In: Chemistry
What are the orbital electron transitions in ZnO? What about Co2+:ZnO?
ZnO is a wide band gap semiconductor. It possesses inherent n-type conductivity even in the absence of any doping. Observation of n-type character in ZnO is due to the presence of oxygen vacancies or Zn interstitials.
When an electron in an orbit drops to a lower energy state by giving up energy through the creation of a photon. This process is known as going through an electron transition. This results in the glow or luminescence that we generally observe in materials. To create the glow or the luminescence in materials we need to create excited atoms or electrons and these excited particles created depends significantly on the amount of energy required to produce the transition.

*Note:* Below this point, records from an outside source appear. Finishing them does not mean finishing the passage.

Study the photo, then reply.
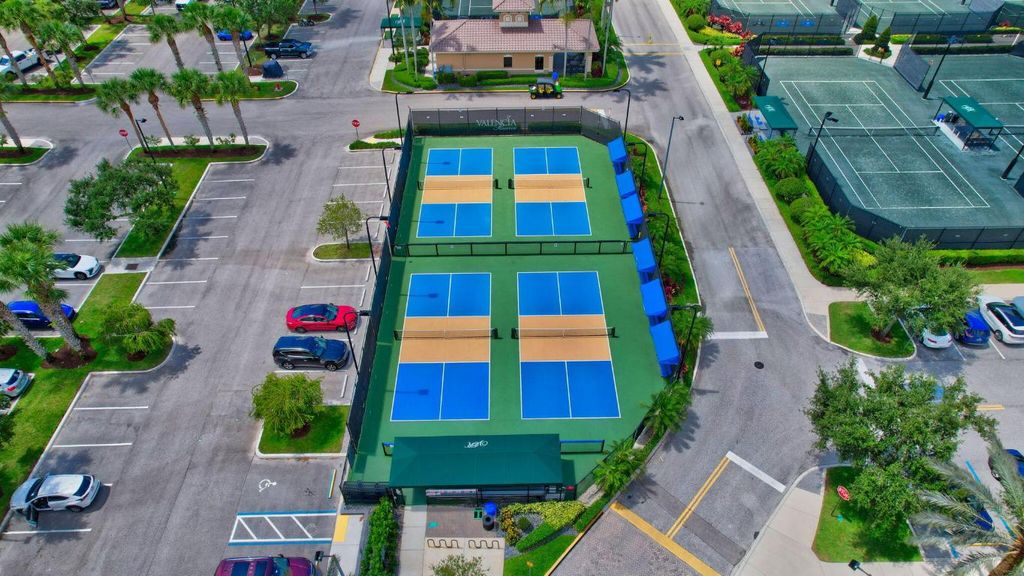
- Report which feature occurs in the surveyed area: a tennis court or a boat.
tennis court
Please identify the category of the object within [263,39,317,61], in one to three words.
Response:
truck
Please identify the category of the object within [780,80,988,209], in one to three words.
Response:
tennis court
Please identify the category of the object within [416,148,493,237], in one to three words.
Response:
sports court
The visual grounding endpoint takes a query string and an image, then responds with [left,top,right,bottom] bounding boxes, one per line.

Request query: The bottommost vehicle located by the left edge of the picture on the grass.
[0,369,44,403]
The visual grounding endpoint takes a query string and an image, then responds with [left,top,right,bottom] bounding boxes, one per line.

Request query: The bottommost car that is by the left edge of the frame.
[7,472,107,531]
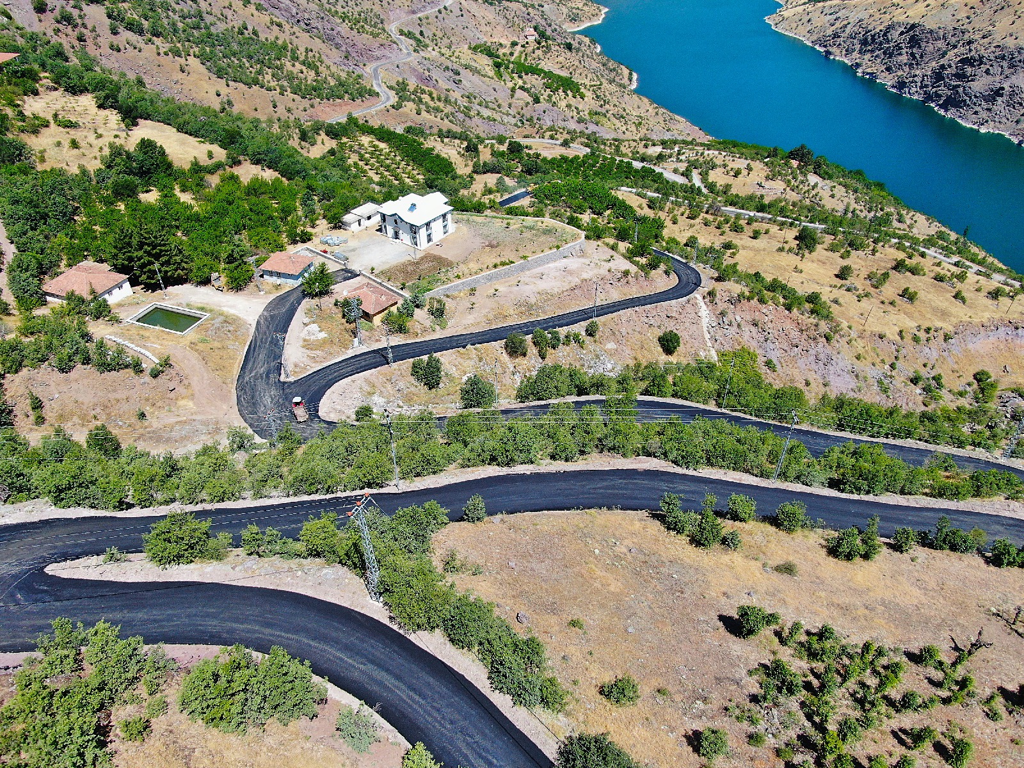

The transition to the ground state typically is a multistep process. In general, the transitions that go from shell to another shell are allowed. The band gap of ZnO is 3.44 eV which results in the strong emission peak in the UV region originating from the band to band transition. Besides, there also exists weak defect emission peaks within falling within the band gap, with the deep level transitions in the visible region. Thus in ZnO, there exist UV excitonic emissions corresponding to the band to band transitions and weak visible emissions due to the deep level transions in ZnO. The visible emissions suggest orange-red emission and green emission could be related to interstitial (Zni) shallow donors or oxygen vacancy (Vo) deep donors.
The cobalt doping induces a decrease of band gap energy and fluorescence quenching of the emission bands. The spectra is related to the transition within the tetrahedral Co2+ ions in the ZnO host crystal. Due to the doping of Co there exists a variation compared to pure ZnO resulting in a shift in the PL emission and UV-Vis absorption peaks to red due to the Co incorporation.